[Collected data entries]
------
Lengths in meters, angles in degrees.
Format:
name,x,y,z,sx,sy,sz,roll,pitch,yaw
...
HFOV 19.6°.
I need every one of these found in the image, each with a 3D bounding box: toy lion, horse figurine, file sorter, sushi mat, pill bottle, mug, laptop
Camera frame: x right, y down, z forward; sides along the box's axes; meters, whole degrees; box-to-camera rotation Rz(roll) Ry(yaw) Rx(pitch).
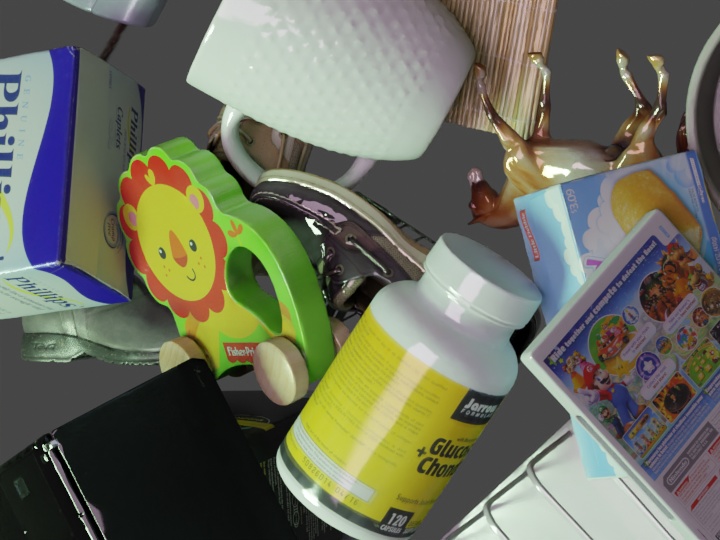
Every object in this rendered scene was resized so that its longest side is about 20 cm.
name,x,y,z,sx,sy,sz,roll,pitch,yaw
toy lion,-0.104,-0.004,1.525,0.200,0.069,0.192,-1,108,52
horse figurine,0.163,-0.091,1.495,0.200,0.050,0.133,-2,109,17
file sorter,0.147,0.203,1.507,0.139,0.125,0.200,48,112,10
sushi mat,0.099,-0.201,1.531,0.096,0.012,0.200,13,103,22
pill bottle,0.036,0.079,1.415,0.112,0.112,0.200,37,106,15
mug,-0.026,-0.139,1.507,0.175,0.148,0.200,27,113,-4
laptop,-0.158,0.185,1.479,0.200,0.103,0.177,-34,81,49

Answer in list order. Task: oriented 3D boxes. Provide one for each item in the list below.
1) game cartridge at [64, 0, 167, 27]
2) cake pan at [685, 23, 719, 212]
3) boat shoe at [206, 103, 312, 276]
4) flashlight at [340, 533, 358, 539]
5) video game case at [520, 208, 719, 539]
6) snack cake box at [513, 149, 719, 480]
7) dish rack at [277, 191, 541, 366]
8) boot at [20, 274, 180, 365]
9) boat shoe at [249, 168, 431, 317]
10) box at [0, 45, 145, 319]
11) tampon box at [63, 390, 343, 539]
name,x,y,z,sx,sy,sz,roll,pitch,yaw
game cartridge,-0.223,-0.285,1.648,0.200,0.040,0.133,36,113,15
cake pan,0.324,-0.105,1.423,0.200,0.037,0.200,2,98,16
boat shoe,-0.081,-0.094,1.586,0.072,0.065,0.200,8,98,38
flashlight,0.019,0.178,1.537,0.068,0.068,0.200,14,112,-16
video game case,0.215,0.079,1.362,0.200,0.143,0.018,47,158,-9
snack cake box,0.190,0.030,1.409,0.067,0.115,0.200,-17,88,63
dish rack,0.028,0.042,1.574,0.200,0.055,0.153,35,108,16
boot,-0.188,0.008,1.659,0.200,0.070,0.132,1,92,18
boat shoe,0.000,0.000,1.493,0.200,0.065,0.072,34,147,4
box,-0.281,-0.063,1.628,0.200,0.105,0.184,-8,69,24
tampon box,-0.108,0.165,1.570,0.150,0.200,0.126,-1,97,23
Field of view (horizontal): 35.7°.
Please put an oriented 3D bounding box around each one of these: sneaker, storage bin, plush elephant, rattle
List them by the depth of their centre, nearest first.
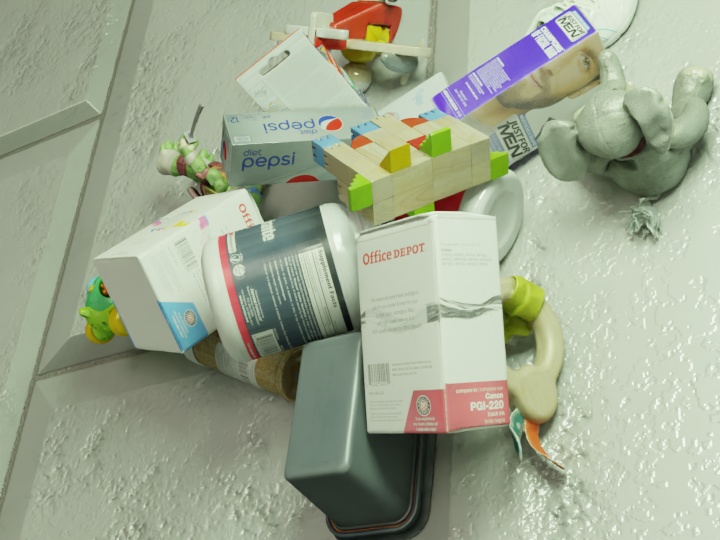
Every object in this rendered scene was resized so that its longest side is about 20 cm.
[{"bbox_3d":[0.138,0.117,1.166,0.141,0.129,0.204,-21,75,38],"label":"rattle"},{"bbox_3d":[0.277,-0.154,1.182,0.162,0.155,0.203,-12,53,31],"label":"plush elephant"},{"bbox_3d":[-0.013,0.170,1.196,0.143,0.134,0.203,-13,52,30],"label":"storage bin"},{"bbox_3d":[0.258,-0.294,1.353,0.200,0.080,0.070,-47,42,-1],"label":"sneaker"}]

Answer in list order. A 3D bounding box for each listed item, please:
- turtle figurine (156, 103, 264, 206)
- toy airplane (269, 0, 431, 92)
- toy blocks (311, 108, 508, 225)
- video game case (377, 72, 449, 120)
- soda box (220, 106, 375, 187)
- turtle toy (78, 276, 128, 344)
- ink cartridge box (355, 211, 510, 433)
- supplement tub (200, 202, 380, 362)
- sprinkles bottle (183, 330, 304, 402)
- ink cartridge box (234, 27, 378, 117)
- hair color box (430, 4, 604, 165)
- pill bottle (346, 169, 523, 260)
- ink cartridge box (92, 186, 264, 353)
[{"bbox_3d":[-0.192,-0.166,1.568,0.143,0.203,0.192,-28,29,-33],"label":"turtle figurine"},{"bbox_3d":[-0.016,-0.305,1.528,0.195,0.143,0.201,-12,31,-9],"label":"toy airplane"},{"bbox_3d":[0.041,-0.121,1.203,0.197,0.102,0.136,-22,35,-24],"label":"toy blocks"},{"bbox_3d":[0.056,-0.142,1.441,0.180,0.024,0.202,-31,46,17],"label":"video game case"},{"bbox_3d":[-0.074,-0.155,1.406,0.196,0.069,0.064,-5,45,-18],"label":"soda box"},{"bbox_3d":[-0.284,0.029,1.497,0.145,0.197,0.103,-17,87,57],"label":"turtle toy"},{"bbox_3d":[0.067,0.053,1.095,0.145,0.083,0.204,-12,82,58],"label":"ink cartridge box"},{"bbox_3d":[-0.065,0.009,1.228,0.196,0.142,0.142,-16,48,0],"label":"supplement tub"},{"bbox_3d":[-0.140,0.105,1.387,0.198,0.068,0.069,16,70,42],"label":"sprinkles bottle"},{"bbox_3d":[-0.067,-0.223,1.429,0.108,0.200,0.051,-35,43,12],"label":"ink cartridge box"},{"bbox_3d":[0.193,-0.202,1.301,0.198,0.110,0.065,-33,46,5],"label":"hair color box"},{"bbox_3d":[0.081,-0.083,1.298,0.198,0.112,0.113,19,72,35],"label":"pill bottle"},{"bbox_3d":[-0.201,-0.007,1.387,0.199,0.130,0.124,-35,20,-35],"label":"ink cartridge box"}]
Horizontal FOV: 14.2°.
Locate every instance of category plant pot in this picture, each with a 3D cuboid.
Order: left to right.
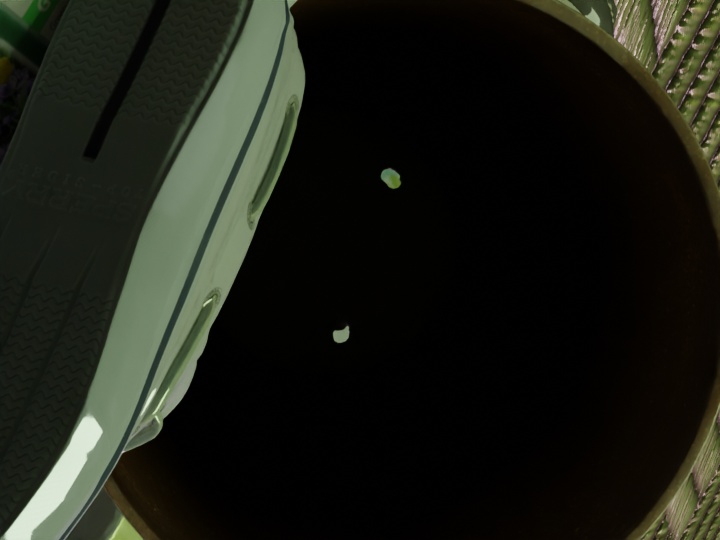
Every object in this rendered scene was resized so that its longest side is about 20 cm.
[{"bbox_3d":[0.000,0.000,0.880,0.200,0.187,0.187,-136,-111,-81],"label":"plant pot"}]

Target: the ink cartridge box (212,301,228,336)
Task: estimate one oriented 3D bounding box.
[{"bbox_3d":[-0.079,0.015,0.980,0.095,0.037,0.200,43,69,-33],"label":"ink cartridge box"}]

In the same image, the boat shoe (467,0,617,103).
[{"bbox_3d":[0.039,-0.084,0.942,0.057,0.067,0.200,-52,-171,-16],"label":"boat shoe"}]

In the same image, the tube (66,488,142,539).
[{"bbox_3d":[-0.059,0.116,0.973,0.052,0.058,0.200,-46,143,-7],"label":"tube"}]

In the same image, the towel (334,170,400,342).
[{"bbox_3d":[0.004,0.006,1.092,0.048,0.171,0.200,-20,-150,55],"label":"towel"}]

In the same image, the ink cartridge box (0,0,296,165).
[{"bbox_3d":[-0.086,-0.105,0.675,0.109,0.050,0.200,-48,145,-22],"label":"ink cartridge box"}]

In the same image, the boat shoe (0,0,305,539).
[{"bbox_3d":[-0.063,0.015,0.671,0.200,0.073,0.067,-59,148,-13],"label":"boat shoe"}]
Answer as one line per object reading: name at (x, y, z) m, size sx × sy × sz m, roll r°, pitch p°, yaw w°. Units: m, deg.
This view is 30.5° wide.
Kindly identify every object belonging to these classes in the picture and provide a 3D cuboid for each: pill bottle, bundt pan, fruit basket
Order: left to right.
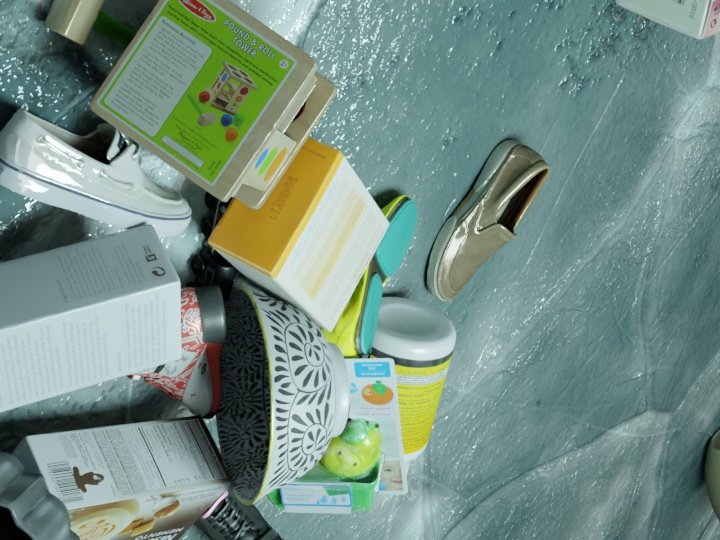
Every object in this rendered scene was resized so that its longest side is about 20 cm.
bundt pan at (-0.312, 0.224, 1.076) m, size 0.076 × 0.201 × 0.202 m, roll -48°, pitch 153°, yaw -58°
fruit basket at (-0.049, 0.166, 1.352) m, size 0.200 × 0.185 × 0.094 m, roll 82°, pitch 11°, yaw -45°
pill bottle at (0.031, 0.140, 1.459) m, size 0.112 × 0.112 × 0.200 m, roll -13°, pitch 126°, yaw -43°

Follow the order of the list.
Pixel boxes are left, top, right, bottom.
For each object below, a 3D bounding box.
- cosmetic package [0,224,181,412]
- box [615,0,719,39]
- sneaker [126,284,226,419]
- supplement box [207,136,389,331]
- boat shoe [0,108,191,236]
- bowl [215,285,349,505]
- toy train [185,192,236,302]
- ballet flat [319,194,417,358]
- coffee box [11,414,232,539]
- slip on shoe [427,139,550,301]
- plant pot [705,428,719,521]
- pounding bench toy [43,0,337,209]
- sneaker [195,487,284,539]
cosmetic package at (-0.247, 0.043, 1.045) m, size 0.200 × 0.071 × 0.102 m, roll -16°, pitch 141°, yaw -21°
box at (0.406, -0.355, 1.504) m, size 0.200 × 0.128 × 0.109 m, roll -24°, pitch 134°, yaw -36°
sneaker at (-0.184, 0.080, 1.218) m, size 0.108 × 0.067 × 0.202 m, roll -6°, pitch 150°, yaw -12°
supplement box at (-0.052, -0.035, 1.213) m, size 0.126 × 0.073 × 0.200 m, roll -61°, pitch 160°, yaw -9°
boat shoe at (-0.205, -0.082, 1.062) m, size 0.200 × 0.071 × 0.070 m, roll 18°, pitch 105°, yaw -46°
bowl at (-0.067, 0.113, 1.223) m, size 0.094 × 0.201 × 0.201 m, roll -1°, pitch 120°, yaw -19°
toy train at (-0.120, -0.051, 1.198) m, size 0.034 × 0.046 × 0.200 m, roll -10°, pitch 123°, yaw -45°
ballet flat at (0.000, 0.000, 1.346) m, size 0.067 × 0.067 × 0.200 m, roll 68°, pitch 35°, yaw -50°
coffee box at (-0.233, 0.203, 1.203) m, size 0.200 × 0.080 × 0.114 m, roll 0°, pitch 142°, yaw -49°
slip on shoe at (0.146, -0.049, 1.492) m, size 0.200 × 0.061 × 0.076 m, roll -58°, pitch 144°, yaw 2°
plant pot at (0.692, 0.343, 2.338) m, size 0.200 × 0.200 × 0.135 m, roll -40°, pitch 106°, yaw -21°
pounding bench toy at (-0.139, -0.156, 1.044) m, size 0.124 × 0.200 × 0.156 m, roll -56°, pitch 175°, yaw 3°
sneaker at (-0.127, 0.269, 1.388) m, size 0.071 × 0.099 × 0.200 m, roll -44°, pitch 141°, yaw -14°
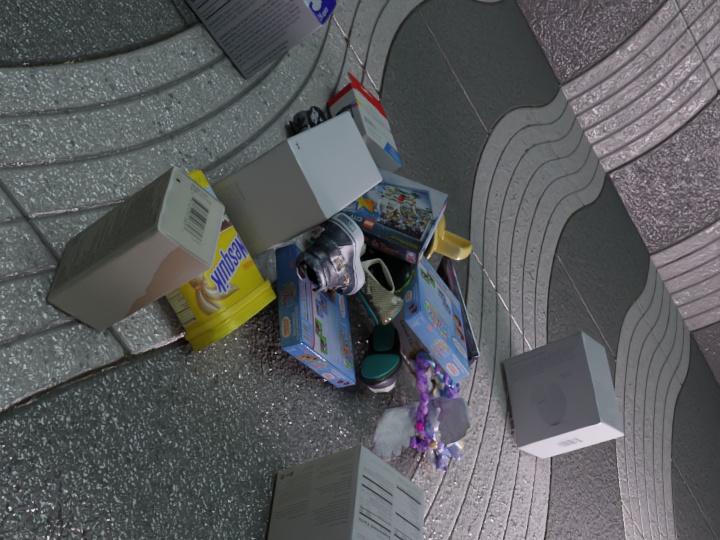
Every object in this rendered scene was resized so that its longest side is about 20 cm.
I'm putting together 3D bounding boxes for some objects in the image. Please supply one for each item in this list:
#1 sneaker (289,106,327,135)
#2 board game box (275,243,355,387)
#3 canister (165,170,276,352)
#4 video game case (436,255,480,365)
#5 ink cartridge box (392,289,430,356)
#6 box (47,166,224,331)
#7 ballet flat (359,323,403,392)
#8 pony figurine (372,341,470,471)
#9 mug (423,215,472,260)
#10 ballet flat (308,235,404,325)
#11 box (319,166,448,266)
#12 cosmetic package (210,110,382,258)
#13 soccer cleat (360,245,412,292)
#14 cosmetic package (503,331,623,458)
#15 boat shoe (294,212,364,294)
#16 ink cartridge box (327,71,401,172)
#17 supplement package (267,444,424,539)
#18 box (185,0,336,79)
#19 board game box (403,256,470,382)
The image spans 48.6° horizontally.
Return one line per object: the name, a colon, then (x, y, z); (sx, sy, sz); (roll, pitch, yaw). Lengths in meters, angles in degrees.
------
### WHAT YOU HAVE TO DO
Repeat only what lies between the first line of the data and the line containing "Camera frame: x", both of those lines included, exactly as it stands.

### ANSWER BOX
Lengths in meters, angles in degrees.
Format:
name,x,y,z,sx,sy,sz,roll,pitch,yaw
...
HFOV 19.6°.
I need every one of these found in the image, each with a 3D bounding box: toy lion, horse figurine, file sorter, sushi mat, pill bottle, mug, laptop
Camera frame: x right, y down, z forward; sides along the box's axes; meters, whole degrees; box-to-camera rotation Rz(roll) Ry(yaw) Rx(pitch).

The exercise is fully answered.